But even when schools do manage to attract certified teachers, instructors often are given assignments they’re not properly prepared for. The problem is called out-of-field teaching.

“It’s kind of a no-brainer that it’s a bad idea, but principals keep doing it,” said Richard Ingersoll, a professor at the University of Pennsylvania and a leading authority on out-of-field teaching.

About 3 million American high school students are taught core academic subjects each year by teachers who have neither a college major nor minor in the field, he said.

Dr. Ingersoll became interested in the subject through his own experience – he spent six years as a high school history teacher.
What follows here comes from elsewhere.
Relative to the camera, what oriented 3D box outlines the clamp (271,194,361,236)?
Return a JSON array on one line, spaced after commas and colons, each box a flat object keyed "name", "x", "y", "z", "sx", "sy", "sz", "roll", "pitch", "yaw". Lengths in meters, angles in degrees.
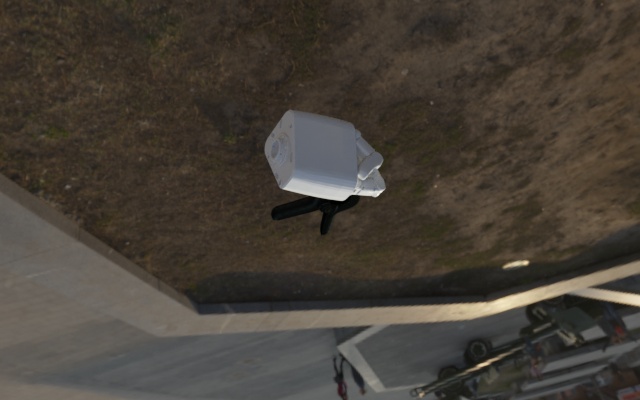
[{"name": "clamp", "x": 0.000, "y": 0.003, "z": 0.784, "sx": 0.120, "sy": 0.039, "sz": 0.171, "roll": 9, "pitch": -38, "yaw": -31}]

He remembers once getting a memo from his principal five days before school started: “I was told, ‘There’s been a change: You’ll be teaching some algebra.'”

He had no experience teaching math. He hurriedly begged his math colleagues for worksheets and teaching hints. He tried his best, but he knows his students didn’t get what they deserved.

“Teaching math takes different skills than teaching English or history,” said Dr. Ingersoll, who also ended up teaching English and special education during his brief teaching career.

He said that he, like other teachers ill-prepared for their classes, struggled to keep up: working late every night just to stay a half-chapter ahead of his students.

“If you don’t know what you’re doing, there’s a heck of a lot of trial and error,” he said. “The students end up being the guinea pigs.”